Maybe, but the problem is that I can't imagine how to implement
dm-intercept yet. 
How to use dm to implement interception without changing the stack
of block devices. We'll have to make a hook somewhere, isn`t it?

> 
> Cheers,
> 
> Hannes
> -- 
> Dr. Hannes Reinecke                Kernel Storage Architect
> hare@suse.de                              +49 911 74053 688
> SUSE Software Solutions GmbH, Maxfeldstr. 5, 90409 Nürnberg
> HRB 36809 (AG Nürnberg), Geschäftsführer: Felix Imendörffer
Damien Le Moal Oct. 22, 2020, 10:28 a.m. UTC | #5
On 2020/10/22 18:43, Sergei Shtepa wrote:
> The 10/22/2020 08:58, Hannes Reinecke wrote:
>> On 10/21/20 4:10 PM, Sergei Shtepa wrote:
>>> The 10/21/2020 16:31, Hannes Reinecke wrote:
>>>> I do understand where you are coming from, but then we already have a
>>>> dm-snap which does exactly what you want to achieve.
>>>> Of course, that would require a reconfiguration of the storage stack on
>>>> the machine, which is not always possible (or desired).
>>>
>>> Yes, reconfiguring the storage stack on a machine is almost impossible.
>>>
>>>>
>>>> What I _could_ imagine would be a 'dm-intercept' thingie, which
>>>> redirects the current submit_bio() function for any block device, and
>>>> re-routes that to a linear device-mapper device pointing back to the
>>>> original block device.
>>>>
>>>> That way you could attach it to basically any block device, _and_ can
>>>> use the existing device-mapper functionality to do fancy stuff once the
>>>> submit_io() callback has been re-routed.
>>>>
>>>> And it also would help in other scenarios, too; with such a
>>>> functionality we could seamlessly clone devices without having to move
>>>> the whole setup to device-mapper first.
>>>
>>> Hm...
>>> Did I understand correctly that the filter itself can be left approximately
>>> as it is, but the blk-snap module can be replaced with 'dm-intercept',
>>> which would use the re-route mechanism from the dm?
>>> I think I may be able to implement it, if you describe your idea in more
>>> detail.
>>>
>>>
>> Actually, once we have an dm-intercept, why do you need the block-layer 
>> filter at all?
>>  From you initial description the block-layer filter was implemented 
>> such that blk-snap could work; but if we have dm-intercept (and with it 
>> the ability to use device-mapper functionality even for normal block 
>> devices) there wouldn't be any need for the block-layer filter, no?
> 
> Maybe, but the problem is that I can't imagine how to implement
> dm-intercept yet. 
> How to use dm to implement interception without changing the stack
> of block devices. We'll have to make a hook somewhere, isn`t it?

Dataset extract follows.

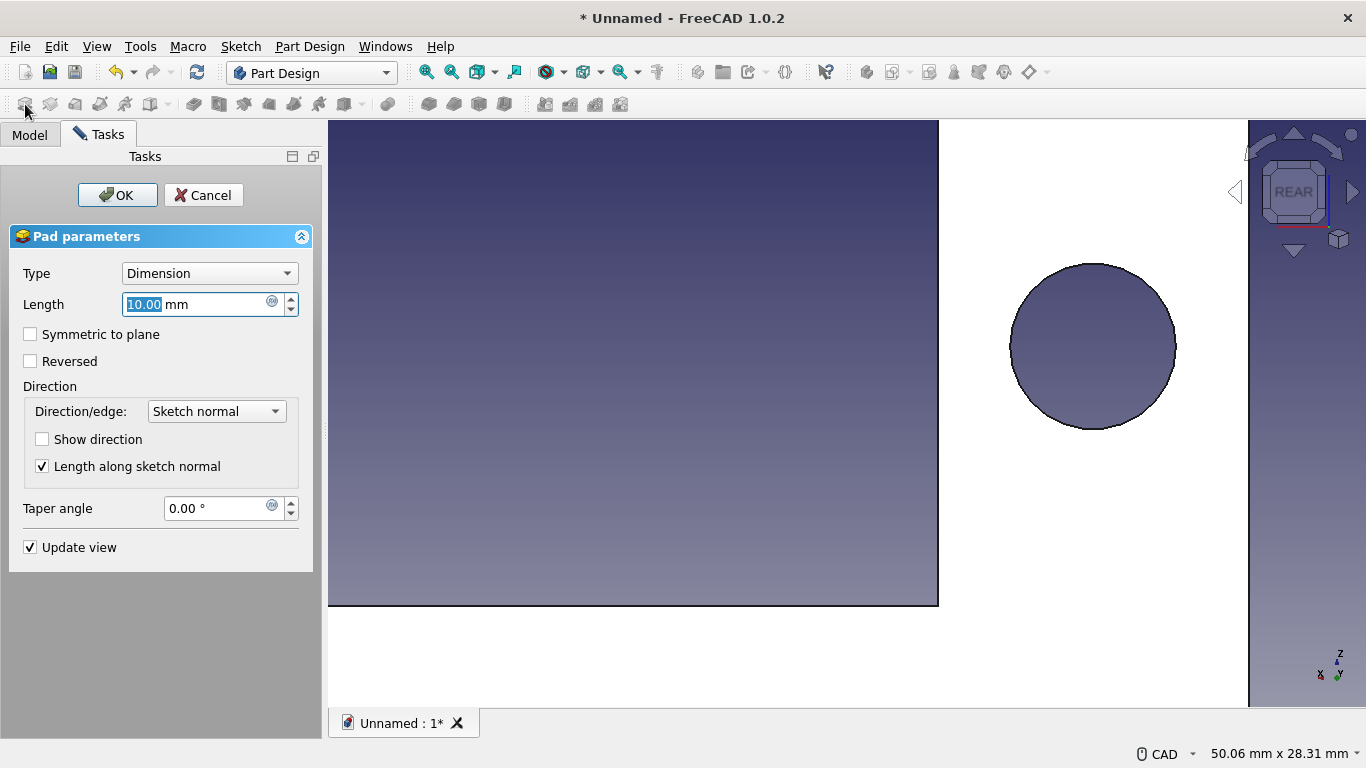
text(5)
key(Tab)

Once your dm-intercept target driver is inserted with "dmsetup" or any user land
tool you implement using libdevicemapper, the "hooks" will naturally be in place
since the dm infrastructure already does that: all submitted BIOs will be passed
to dm-intercept through the "map" operation defined in the target_type
descriptor. It is then that driver job to execute the BIOs as it sees fit.

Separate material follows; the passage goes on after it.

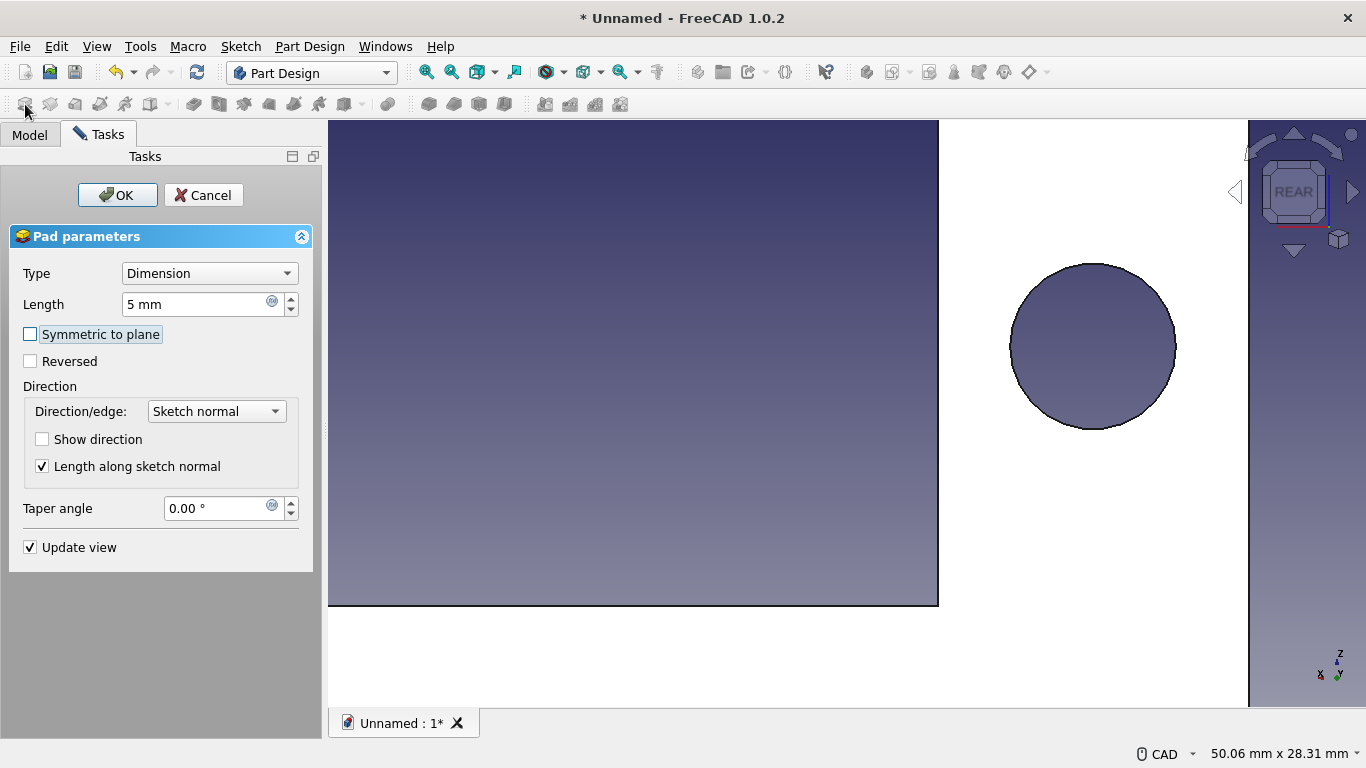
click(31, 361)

Look at simple device mappers like dm-linear or dm-flakey for hints of how
things work (driver/md/dm-linear.c). More complex dm drivers like dm-crypt,
dm-writecache or dm-thin can give you hints about more features of device mapper.
Functions such as __map_bio() in drivers/md/dm.c are the core of DM and show
what happens to BIOs depending on the the return value of the map operation.
dm_submit_bio() and __split_and_process_bio() is the entry points for BIO
processing in DM.

> 
>>
>> Cheers,
>>
>> Hannes
>> -- 
>> Dr. Hannes Reinecke                Kernel Storage Architect
>> hare@suse.de                              +49 911 74053 688
>> SUSE Software Solutions GmbH, Maxfeldstr. 5, 90409 Nürnberg
>> HRB 36809 (AG Nürnberg), Geschäftsführer: Felix Imendörffer
>
Sergei Shtepa Oct. 22, 2020, 1:52 p.m. UTC | #6
The 10/22/2020 13:28, Damien Le Moal wrote:
> On 2020/10/22 18:43, Sergei Shtepa wrote:
> > 
> > Maybe, but the problem is that I can't imagine how to implement
> > dm-intercept yet. 
> > How to use dm to implement interception without changing the stack
> > of block devices. We'll have to make a hook somewhere, isn`t it?
> 
> Once your dm-intercept target driver is inserted with "dmsetup" or any user land
> tool you implement using libdevicemapper, the "hooks" will naturally be in place
> since the dm infrastructure already does that: all submitted BIOs will be passed
> to dm-intercept through the "map" operation defined in the target_type
> descriptor. It is then that driver job to execute the BIOs as it sees fit.
> 
> Look at simple device mappers like dm-linear or dm-flakey for hints of how
> things work (driver/md/dm-linear.c). More complex dm drivers like dm-crypt,
> dm-writecache or dm-thin can give you hints about more features of device mapper.
> Functions such as __map_bio() in drivers/md/dm.c are the core of DM and show
> what happens to BIOs depending on the the return value of the map operation.
> dm_submit_bio() and __split_and_process_bio() is the entry points for BIO
> processing in DM.
> 

Is there something I don't understand? Please correct me.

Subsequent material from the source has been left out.